• Task to carry out: Every entry needs to be reproduced exactly.

Items from a data source

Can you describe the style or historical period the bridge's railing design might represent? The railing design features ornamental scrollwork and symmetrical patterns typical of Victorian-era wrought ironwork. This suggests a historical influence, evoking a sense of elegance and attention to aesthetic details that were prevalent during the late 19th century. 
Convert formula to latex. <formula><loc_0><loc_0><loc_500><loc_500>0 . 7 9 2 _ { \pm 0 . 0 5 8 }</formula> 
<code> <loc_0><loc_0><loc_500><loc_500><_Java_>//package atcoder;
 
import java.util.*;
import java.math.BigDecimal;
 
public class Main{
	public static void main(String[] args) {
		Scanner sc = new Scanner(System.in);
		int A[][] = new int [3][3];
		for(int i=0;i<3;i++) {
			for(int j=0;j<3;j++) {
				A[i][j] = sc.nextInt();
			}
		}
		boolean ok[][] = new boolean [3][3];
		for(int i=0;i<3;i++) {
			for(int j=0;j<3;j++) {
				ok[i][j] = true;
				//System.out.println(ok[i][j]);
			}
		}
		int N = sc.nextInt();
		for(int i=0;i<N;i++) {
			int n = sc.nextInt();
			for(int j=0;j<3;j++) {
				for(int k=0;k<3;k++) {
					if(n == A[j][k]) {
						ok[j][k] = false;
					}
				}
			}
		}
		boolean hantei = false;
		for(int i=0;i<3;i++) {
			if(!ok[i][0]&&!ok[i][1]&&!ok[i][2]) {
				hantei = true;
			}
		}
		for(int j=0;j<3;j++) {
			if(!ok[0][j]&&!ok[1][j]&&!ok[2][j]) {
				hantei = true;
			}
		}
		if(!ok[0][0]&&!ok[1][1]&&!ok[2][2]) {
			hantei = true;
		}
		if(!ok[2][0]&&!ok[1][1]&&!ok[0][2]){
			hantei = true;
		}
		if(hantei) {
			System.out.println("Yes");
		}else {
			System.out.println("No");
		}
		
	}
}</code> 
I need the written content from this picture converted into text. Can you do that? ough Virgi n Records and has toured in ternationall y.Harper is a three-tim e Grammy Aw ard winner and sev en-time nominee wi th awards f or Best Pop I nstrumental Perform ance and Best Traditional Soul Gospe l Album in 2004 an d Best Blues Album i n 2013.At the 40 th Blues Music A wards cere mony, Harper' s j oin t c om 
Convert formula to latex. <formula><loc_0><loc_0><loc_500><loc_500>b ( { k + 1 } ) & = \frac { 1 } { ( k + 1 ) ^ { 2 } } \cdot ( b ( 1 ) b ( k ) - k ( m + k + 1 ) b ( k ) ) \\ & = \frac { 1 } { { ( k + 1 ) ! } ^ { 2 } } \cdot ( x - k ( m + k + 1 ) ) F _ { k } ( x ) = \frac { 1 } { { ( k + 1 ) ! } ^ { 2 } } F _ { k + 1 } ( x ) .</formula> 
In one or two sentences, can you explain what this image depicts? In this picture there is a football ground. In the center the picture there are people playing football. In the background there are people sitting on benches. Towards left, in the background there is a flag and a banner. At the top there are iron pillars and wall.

• Response area:
Can you describe the style or historical period the bridge's railing design might represent? The railing design features ornamental scrollwork and symmetrical patterns typical of Victorian-era wrought ironwork. This suggests a historical influence, evoking a sense of elegance and attention to aesthetic details that were prevalent during the late 19th century. 
Convert formula to latex. <formula><loc_0><loc_0><loc_500><loc_500>0 . 7 9 2 _ { \pm 0 . 0 5 8 }</formula> 
<code> <loc_0><loc_0><loc_500><loc_500><_Java_>//package atcoder;
 
import java.util.*;
import java.math.BigDecimal;
 
public class Main{
	public static void main(String[] args) {
		Scanner sc = new Scanner(System.in);
		int A[][] = new int [3][3];
		for(int i=0;i<3;i++) {
			for(int j=0;j<3;j++) {
				A[i][j] = sc.nextInt();
			}
		}
		boolean ok[][] = new boolean [3][3];
		for(int i=0;i<3;i++) {
			for(int j=0;j<3;j++) {
				ok[i][j] = true;
				//System.out.println(ok[i][j]);
			}
		}
		int N = sc.nextInt();
		for(int i=0;i<N;i++) {
			int n = sc.nextInt();
			for(int j=0;j<3;j++) {
				for(int k=0;k<3;k++) {
					if(n == A[j][k]) {
						ok[j][k] = false;
					}
				}
			}
		}
		boolean hantei = false;
		for(int i=0;i<3;i++) {
			if(!ok[i][0]&&!ok[i][1]&&!ok[i][2]) {
				hantei = true;
			}
		}
		for(int j=0;j<3;j++) {
			if(!ok[0][j]&&!ok[1][j]&&!ok[2][j]) {
				hantei = true;
			}
		}
		if(!ok[0][0]&&!ok[1][1]&&!ok[2][2]) {
			hantei = true;
		}
		if(!ok[2][0]&&!ok[1][1]&&!ok[0][2]){
			hantei = true;
		}
		if(hantei) {
			System.out.println("Yes");
		}else {
			System.out.println("No");
		}
		
	}
}</code> 
I need the written content from this picture converted into text. Can you do that? ough Virgi n Records and has toured in ternationall y.Harper is a three-tim e Grammy Aw ard winner and sev en-time nominee wi th awards f or Best Pop I nstrumental Perform ance and Best Traditional Soul Gospe l Album in 2004 an d Best Blues Album i n 2013.At the 40 th Blues Music A wards cere mony, Harper' s j oin t c om 
Convert formula to latex. <formula><loc_0><loc_0><loc_500><loc_500>b ( { k + 1 } ) & = \frac { 1 } { ( k + 1 ) ^ { 2 } } \cdot ( b ( 1 ) b ( k ) - k ( m + k + 1 ) b ( k ) ) \\ & = \frac { 1 } { { ( k + 1 ) ! } ^ { 2 } } \cdot ( x - k ( m + k + 1 ) ) F _ { k } ( x ) = \frac { 1 } { { ( k + 1 ) ! } ^ { 2 } } F _ { k + 1 } ( x ) .</formula> 
In one or two sentences, can you explain what this image depicts? In this picture there is a football ground. In the center the picture there are people playing football. In the background there are people sitting on benches. Towards left, in the background there is a flag and a banner. At the top there are iron pillars and wall.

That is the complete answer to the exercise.